La Nouvelle-Calédonie dans la crise : 34 % des entreprises mettent leur survie au premier plan
Depuis 2024, l’archipel calédonien traverse une dégradation économique sans précédent, marqué par la disparition de plus de 700 entreprises et le recul de près de 12 000 emplois. Une étude récente menée par les organisations patronales locales révèle que 34 % des entreprises considèrent désormais leur survie immédiate comme l’unique priorité.
Cette enquête, réalisée auprès de 776 entreprises représentant près de 20 % de l’emploi privé calédonien (10 263 salariés), souligne une situation critique. Selon ses résultats, 90 % des entreprises estiment qu’aucune relance durable n’est possible sans un cadre institutionnel stabilisé, tandis que près d’un tiers ne disposent de moins de trois mois de trésorerie. Ces niveaux de précarité « dépassent largement ceux observés pendant la crise sanitaire », précise l’étude.
Xavier Benoist, président de la FEINC, alerte avec urgency : « L’économie s’écroule. Depuis le début de cette crise, nous avons perdu plus de 15 % du PIB et près de 20 % des salariés privés. Le système social et les retraites ne peuvent plus être financés. » Il critique également le plan de reconstruction national de deux milliards d’euros sur cinq ans, jugé « insuffisant pour éviter l’effondrement total ».

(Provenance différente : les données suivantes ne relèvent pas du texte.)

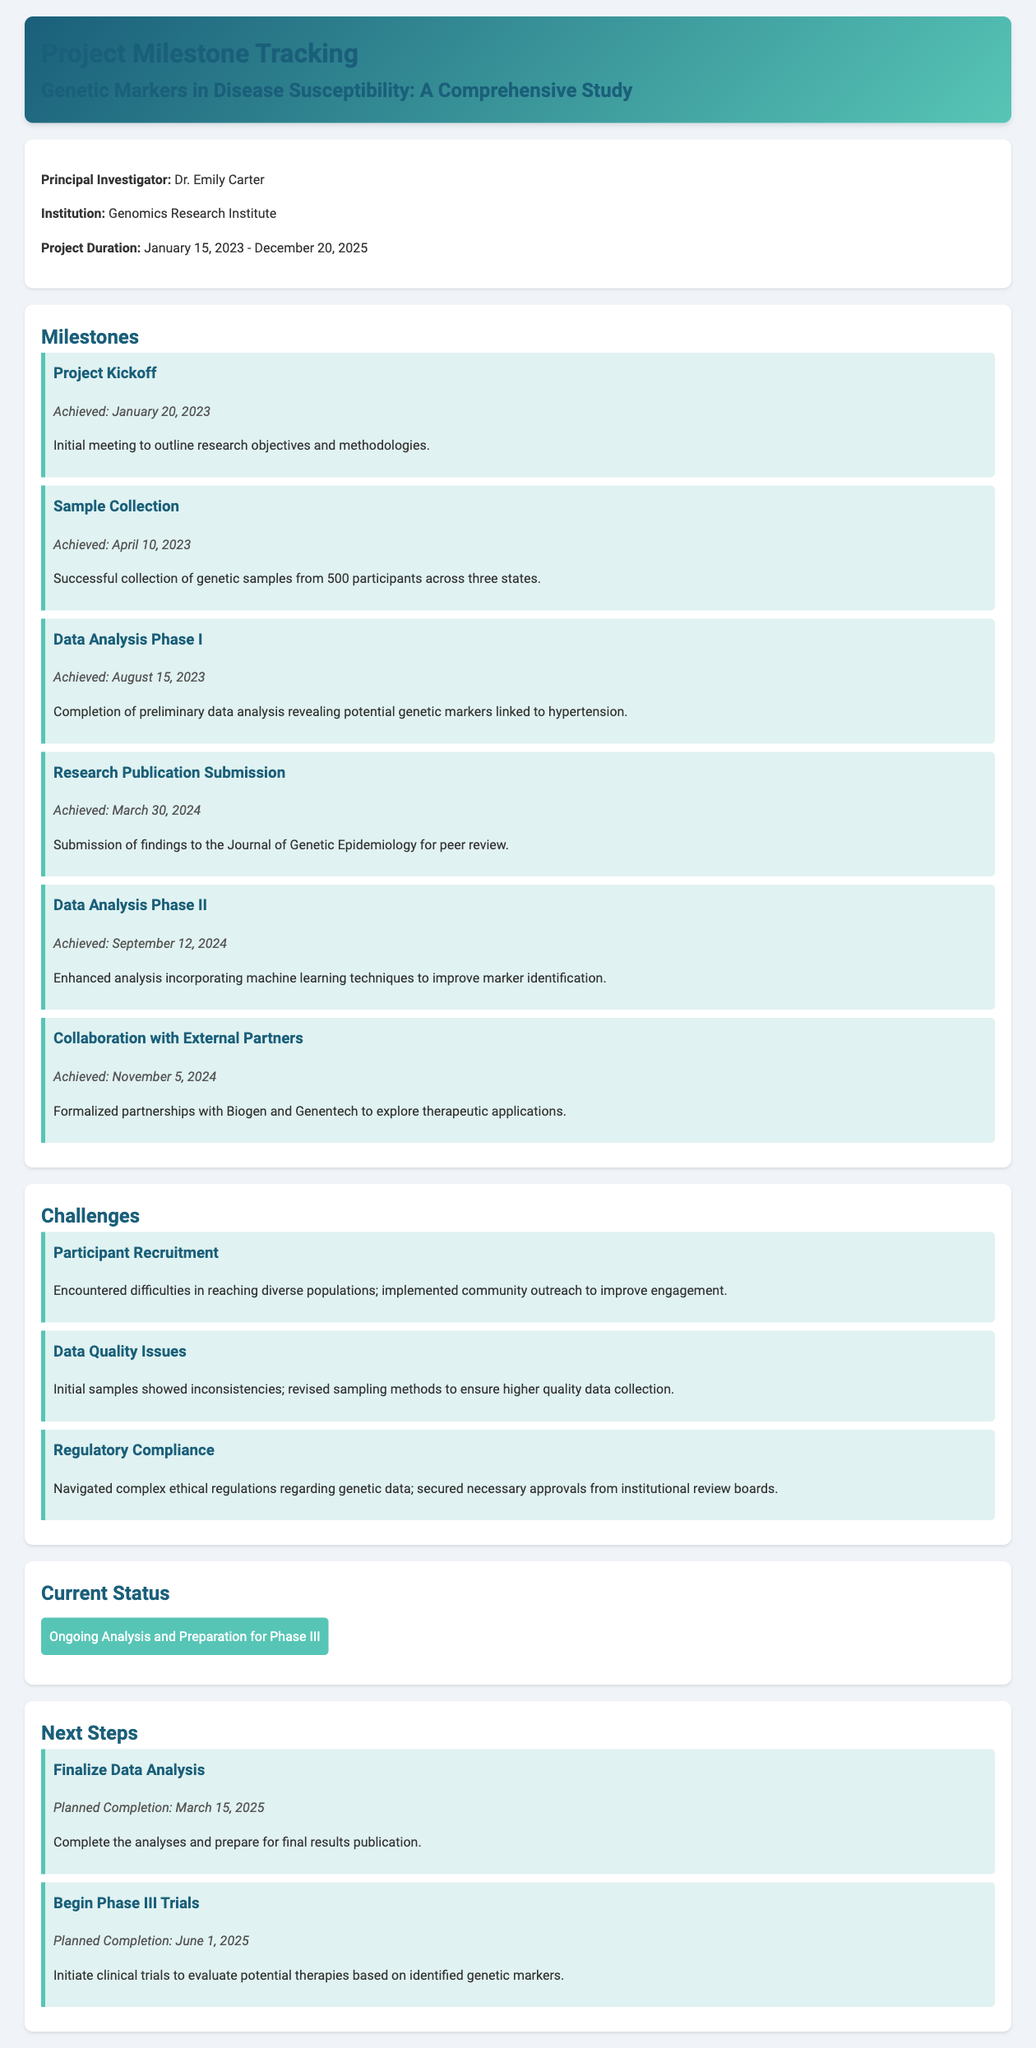What is the project's title? The title is stated in the document's header section, focusing on the genetic study.
Answer: Genetic Markers in Disease Susceptibility Who is the principal investigator? The principal investigator's name is mentioned in the document, highlighting their role in the project.
Answer: Dr. Emily Carter What is the project duration? The project duration indicates the timeline of the study in the document.
Answer: January 15, 2023 - December 20, 2025 When was the sample collection milestone achieved? The date when the sample collection milestone was achieved can be found in the milestones section.
Answer: April 10, 2023 What was a challenge mentioned in the document? The document lists several challenges; one of them is explicitly stated in the challenges section.
Answer: Participant Recruitment What is the current status of the project? The current project status is noted in the current status section, summarizing ongoing work.
Answer: Ongoing Analysis and Preparation for Phase III When is the planned completion for finalizing data analysis? The planned completion date for finalizing data analysis is specified in the next steps section.
Answer: March 15, 2025 Which external partners were mentioned for collaboration? The external partners involved in the collaboration are detailed in the respective milestone section.
Answer: Biogen and Genentech What genetic condition was initially linked to markers in the analysis? The document refers to a specific condition linked to the genetic markers discovered in the data analysis phase.
Answer: Hypertension 
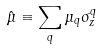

L’enquête indique que 25 % des entreprises envisagent des réductions d’effectifs, et près d’un quart pourrait fermer ses activités. « Si l’on ne prend pas de mesures immédiates, il n’y aura plus d’espoir économique », conclut Xavier Benoist. Les organisations patronales exigent une action législative urgente pour sauver l’économie calédonienne avant qu’elle ne tombe dans un effondrement irrémédiable.